Local agencies vie for a piece of the MWD action
Mediha Fejzagic DiMartino, Staff Writer
Posted: 06/18/2011 10:12:16 PM PDT
When it rains, it pours.
Now that California’s drought is officially over, local cities are scrambling to find money to buy part of 225,000 acre-feet of water unexpectedly up for sale by the Metropolitan Water District.
And this excess water is being offered to local agencies at an 80 percent discount.
“Everyone was unaware that there is going to be that much water available as extra from what was allocated in the past, so no city, no agency had any money budgeted to pay for it,” said Bill Kruger, a Chino Hills councilman.

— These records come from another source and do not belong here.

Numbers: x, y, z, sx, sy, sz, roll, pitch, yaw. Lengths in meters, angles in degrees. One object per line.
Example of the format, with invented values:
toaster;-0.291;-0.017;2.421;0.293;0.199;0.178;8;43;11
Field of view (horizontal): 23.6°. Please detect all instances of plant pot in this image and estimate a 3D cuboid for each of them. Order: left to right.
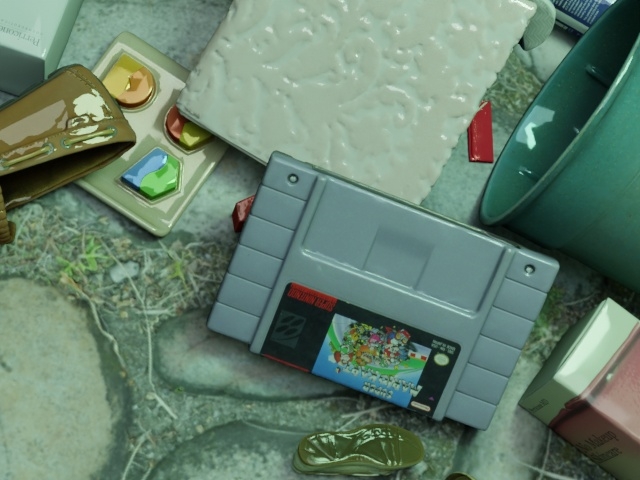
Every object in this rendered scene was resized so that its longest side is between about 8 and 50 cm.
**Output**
plant pot;0.419;-0.070;1.817;0.334;0.341;0.341;34;69;-8

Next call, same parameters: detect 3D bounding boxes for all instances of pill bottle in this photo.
pill bottle;0.329;-0.322;1.990;0.169;0.094;0.094;30;69;0

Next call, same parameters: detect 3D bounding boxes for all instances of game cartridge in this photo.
game cartridge;0.069;0.065;1.769;0.355;0.068;0.230;20;99;-5

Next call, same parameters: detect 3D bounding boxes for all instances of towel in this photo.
towel;0.041;-0.216;1.798;0.317;0.053;0.332;31;103;-3

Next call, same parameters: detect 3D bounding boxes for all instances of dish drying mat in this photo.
dish drying mat;0.203;-0.139;1.950;0.032;0.008;0.083;3;71;-11

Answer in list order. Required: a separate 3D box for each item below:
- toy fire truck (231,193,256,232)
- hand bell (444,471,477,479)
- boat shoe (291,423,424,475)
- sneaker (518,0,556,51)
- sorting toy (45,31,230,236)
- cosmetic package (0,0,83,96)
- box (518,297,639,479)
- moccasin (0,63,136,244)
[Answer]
toy fire truck;0.000;0.000;1.843;0.192;0.047;0.135;-11;74;-14
hand bell;0.268;0.317;1.775;0.242;0.126;0.126;-3;72;-25
boat shoe;0.044;0.248;1.775;0.153;0.048;0.056;-3;60;-19
sneaker;0.129;-0.321;1.902;0.315;0.127;0.182;1;47;5
sorting toy;-0.213;-0.134;1.852;0.193;0.038;0.208;33;69;2
cosmetic package;-0.399;-0.316;1.827;0.224;0.138;0.224;18;71;-4
box;0.373;0.199;1.793;0.232;0.148;0.127;37;70;4
moccasin;-0.384;-0.046;1.739;0.380;0.139;0.147;-32;77;-19
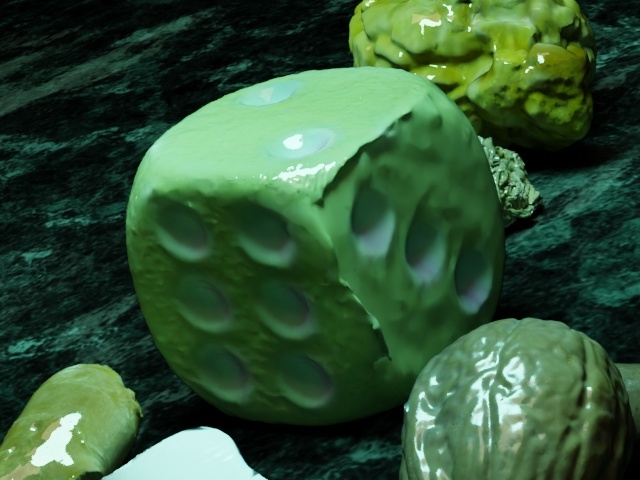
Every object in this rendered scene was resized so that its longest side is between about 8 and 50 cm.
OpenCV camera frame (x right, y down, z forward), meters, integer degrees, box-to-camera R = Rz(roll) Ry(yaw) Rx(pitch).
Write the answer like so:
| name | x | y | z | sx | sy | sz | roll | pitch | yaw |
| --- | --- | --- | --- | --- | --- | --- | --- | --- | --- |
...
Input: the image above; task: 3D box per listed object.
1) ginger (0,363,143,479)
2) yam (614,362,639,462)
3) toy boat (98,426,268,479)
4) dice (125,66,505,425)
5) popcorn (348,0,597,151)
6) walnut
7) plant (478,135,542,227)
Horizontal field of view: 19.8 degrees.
| name | x | y | z | sx | sy | sz | roll | pitch | yaw |
| --- | --- | --- | --- | --- | --- | --- | --- | --- | --- |
| ginger | -0.335 | 0.237 | 1.495 | 0.363 | 0.122 | 0.348 | -6 | 25 | 8 |
| yam | 0.253 | 0.132 | 1.363 | 0.127 | 0.084 | 0.084 | 3 | 29 | 42 |
| toy boat | -0.163 | 0.264 | 1.335 | 0.299 | 0.092 | 0.134 | -31 | 56 | -19 |
| dice | 0.000 | 0.000 | 1.621 | 0.254 | 0.252 | 0.250 | 0 | 28 | 36 |
| popcorn | 0.186 | -0.194 | 2.015 | 0.265 | 0.225 | 0.332 | -9 | 24 | -37 |
| walnut | 0.134 | 0.154 | 1.283 | 0.178 | 0.178 | 0.230 | -6 | 36 | 22 |
| plant | 0.161 | -0.039 | 1.873 | 0.122 | 0.104 | 0.116 | -43 | -23 | 13 |
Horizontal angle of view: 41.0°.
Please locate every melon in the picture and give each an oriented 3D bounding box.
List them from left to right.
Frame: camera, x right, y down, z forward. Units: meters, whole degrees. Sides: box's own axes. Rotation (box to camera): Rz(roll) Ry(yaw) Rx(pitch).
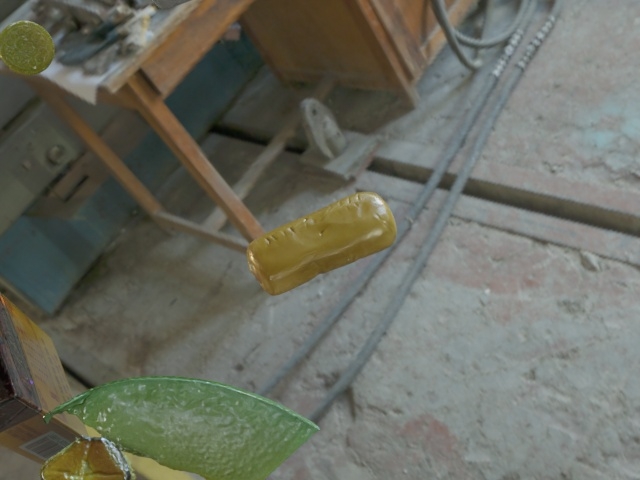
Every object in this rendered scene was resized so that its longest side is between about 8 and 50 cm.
[{"bbox_3d":[-0.138,0.186,0.847,0.053,0.262,0.114,-140,65,-73],"label":"melon"}]

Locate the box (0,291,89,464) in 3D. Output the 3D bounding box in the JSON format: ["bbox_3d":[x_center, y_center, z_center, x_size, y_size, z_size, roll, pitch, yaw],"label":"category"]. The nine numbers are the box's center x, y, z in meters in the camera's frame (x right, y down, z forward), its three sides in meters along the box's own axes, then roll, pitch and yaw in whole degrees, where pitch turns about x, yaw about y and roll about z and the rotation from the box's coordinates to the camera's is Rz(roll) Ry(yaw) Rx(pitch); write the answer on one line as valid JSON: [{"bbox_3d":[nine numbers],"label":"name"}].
[{"bbox_3d":[-0.582,0.249,1.601,0.116,0.415,0.264,-25,68,-7],"label":"box"}]

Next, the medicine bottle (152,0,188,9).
[{"bbox_3d":[-0.127,-0.475,1.207,0.302,0.241,0.241,-21,42,7],"label":"medicine bottle"}]

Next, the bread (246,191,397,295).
[{"bbox_3d":[0.000,0.000,1.717,0.305,0.091,0.142,-24,53,-7],"label":"bread"}]

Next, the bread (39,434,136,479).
[{"bbox_3d":[-0.395,0.398,1.449,0.140,0.069,0.128,-37,77,-23],"label":"bread"}]

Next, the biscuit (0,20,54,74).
[{"bbox_3d":[-0.454,-0.296,1.319,0.084,0.084,0.023,-52,24,-16],"label":"biscuit"}]
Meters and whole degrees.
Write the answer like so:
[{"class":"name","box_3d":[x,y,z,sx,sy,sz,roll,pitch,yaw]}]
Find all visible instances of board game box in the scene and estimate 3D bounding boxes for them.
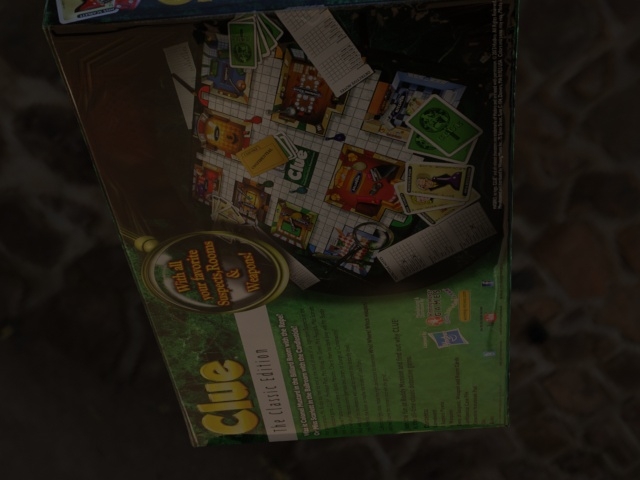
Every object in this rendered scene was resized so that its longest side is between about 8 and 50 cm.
[{"class":"board game box","box_3d":[0.000,0.000,0.522,0.259,0.136,0.030,82,4,-55]}]
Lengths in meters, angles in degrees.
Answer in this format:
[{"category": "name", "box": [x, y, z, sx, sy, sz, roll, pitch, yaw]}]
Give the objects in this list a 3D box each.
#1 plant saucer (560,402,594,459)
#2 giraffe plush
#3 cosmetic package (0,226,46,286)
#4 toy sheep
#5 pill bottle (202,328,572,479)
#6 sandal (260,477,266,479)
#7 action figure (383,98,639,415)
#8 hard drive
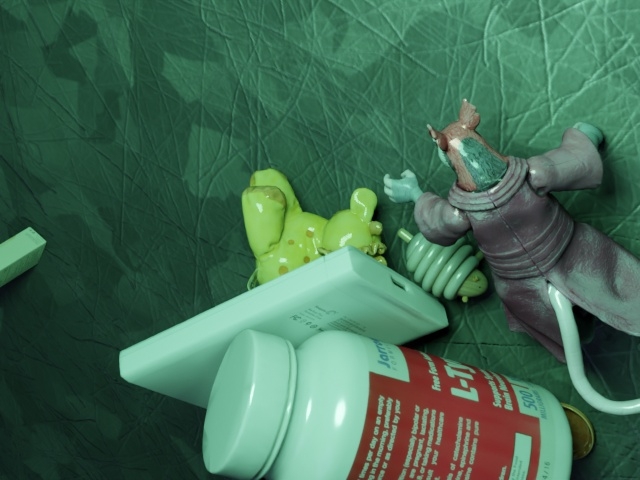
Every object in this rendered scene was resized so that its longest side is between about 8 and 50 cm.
[{"category": "plant saucer", "box": [0.315, 0.246, 1.514, 0.083, 0.013, 0.084, 16, 123, 26]}, {"category": "giraffe plush", "box": [0.000, 0.000, 1.506, 0.170, 0.210, 0.181, -9, 127, 8]}, {"category": "cosmetic package", "box": [-0.499, 0.031, 1.874, 0.041, 0.115, 0.060, 40, 129, 9]}, {"category": "toy sheep", "box": [0.151, 0.026, 1.456, 0.132, 0.091, 0.091, 33, 128, 15]}, {"category": "pill bottle", "box": [0.077, 0.240, 1.412, 0.407, 0.229, 0.229, 17, 132, -18]}, {"category": "sandal", "box": [-0.033, 0.311, 1.642, 0.167, 0.107, 0.446, 1, 97, 37]}, {"category": "action figure", "box": [0.216, 0.008, 1.274, 0.248, 0.276, 0.370, -28, 125, 23]}, {"category": "hard drive", "box": [-0.046, 0.125, 1.487, 0.353, 0.233, 0.047, -26, 57, 25]}]
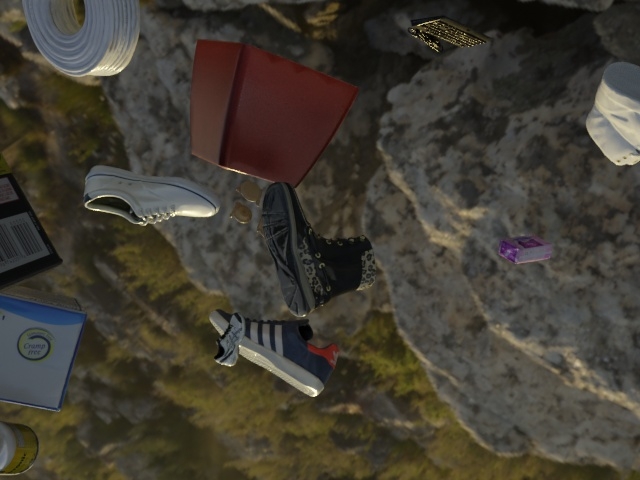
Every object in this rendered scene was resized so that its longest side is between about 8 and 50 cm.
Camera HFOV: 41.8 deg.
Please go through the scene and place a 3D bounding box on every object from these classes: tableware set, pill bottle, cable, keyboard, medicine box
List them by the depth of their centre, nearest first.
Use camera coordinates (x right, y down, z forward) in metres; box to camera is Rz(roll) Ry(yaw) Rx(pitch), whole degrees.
[{"bbox_3d":[-0.394,0.252,1.022,0.065,0.065,0.116,32,169,13],"label":"pill bottle"},{"bbox_3d":[-0.503,0.135,1.249,0.264,0.149,0.289,15,176,-18],"label":"medicine box"},{"bbox_3d":[-0.435,-0.426,1.522,0.257,0.089,0.257,52,128,10],"label":"cable"},{"bbox_3d":[0.239,-0.380,1.579,0.100,0.192,0.038,2,89,39],"label":"keyboard"},{"bbox_3d":[-0.165,-0.081,2.272,0.169,0.141,0.020,33,142,-12],"label":"tableware set"}]

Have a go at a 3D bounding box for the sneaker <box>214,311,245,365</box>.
[{"bbox_3d":[-0.139,0.149,1.275,0.037,0.083,0.032,13,175,-31],"label":"sneaker"}]

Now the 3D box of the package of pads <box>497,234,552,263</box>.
[{"bbox_3d":[0.348,0.015,1.426,0.050,0.083,0.031,35,124,49],"label":"package of pads"}]

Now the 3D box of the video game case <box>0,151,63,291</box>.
[{"bbox_3d":[-0.367,-0.051,0.711,0.035,0.275,0.248,-27,93,21],"label":"video game case"}]

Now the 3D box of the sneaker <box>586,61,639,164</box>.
[{"bbox_3d":[0.613,-0.181,1.489,0.292,0.108,0.169,39,156,20],"label":"sneaker"}]

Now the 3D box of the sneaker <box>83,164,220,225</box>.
[{"bbox_3d":[-0.323,-0.069,1.601,0.258,0.091,0.094,9,148,-4],"label":"sneaker"}]

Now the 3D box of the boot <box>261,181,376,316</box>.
[{"bbox_3d":[-0.001,0.001,1.492,0.085,0.179,0.236,-8,95,53],"label":"boot"}]

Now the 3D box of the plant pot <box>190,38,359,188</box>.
[{"bbox_3d":[-0.123,-0.251,1.713,0.267,0.235,0.267,15,-174,-31],"label":"plant pot"}]

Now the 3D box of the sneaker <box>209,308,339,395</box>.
[{"bbox_3d":[-0.107,0.234,2.041,0.350,0.148,0.131,29,160,23],"label":"sneaker"}]

But no one will stay thirsty.
The Chino Basin Watermaster board – which oversees the massive underground water reservoir stretching from Pomona to Fontana and from the mountains to the Santa Ana River – is looking into ways to help its cash-strapped agencies buy 50,000 acre-feet of the water. An acre-foot – 325,851 gallons – is enough water to supply two typical households for a year.
Buying the excess water will save agencies from $852,500 to $4.47 million by 2013, according to the Watermaster’s staff report.
As one of the financing options, Watermaster has tapped Inland Empire Utilities Agency to foot the $21 million bill.
“(It’s) a significant amount,” said Thomas Love, IEUA’s general manager.
“Our board (of directors) is considering either dipping into its reserve funds or to issue a debt. Footing the bill is not exactly what will happen. We would pay for water as it’s delivered and then sell it back to municipalities over the next three years, to give them time to budget for it. We have already started taking the delivery as it takes several months to store it.”
Not only is the extra water available, but at $409 per acre-foot, it’s relatively cheap.
“It’s one of those opportunities that it would be almost criminal not to take advantage of it,” said Desi Alvarez, Watermaster’s chief executive officer. “$409 is very good. It’s the best price we’ll see for a long time. If you asked me two years ago, I’d say we’ll never see it.”
The MWD charges local agencies for its imported water on a multilevel price scale. Next year, for example, imported water will cost between $442 and $686 per acre-foot.
In fiscal year 2012-13, the Watermaster expects to purchase roughly 25,000 acre-
feet of replenishment water for its operations, at an estimated cost of $10.5 million.
“The availability of replenishment water provides Chino Basin with a singular opportunity to purchase water at a significant cost savings,” according to the Watermaster’s staff report about the purchase.
“The replenishment water has not been available by MWD for the last four years. As a result, when Watermaster has had to purchase replenishment water it was at a much higher rate.”
The influx of water on the market is caused by a combination of factors, MWD spokesman Bob Muir said.
The extremely wet seasons in Northern California and along the Colorado River have contributed to MWD maximizing its water supply levels.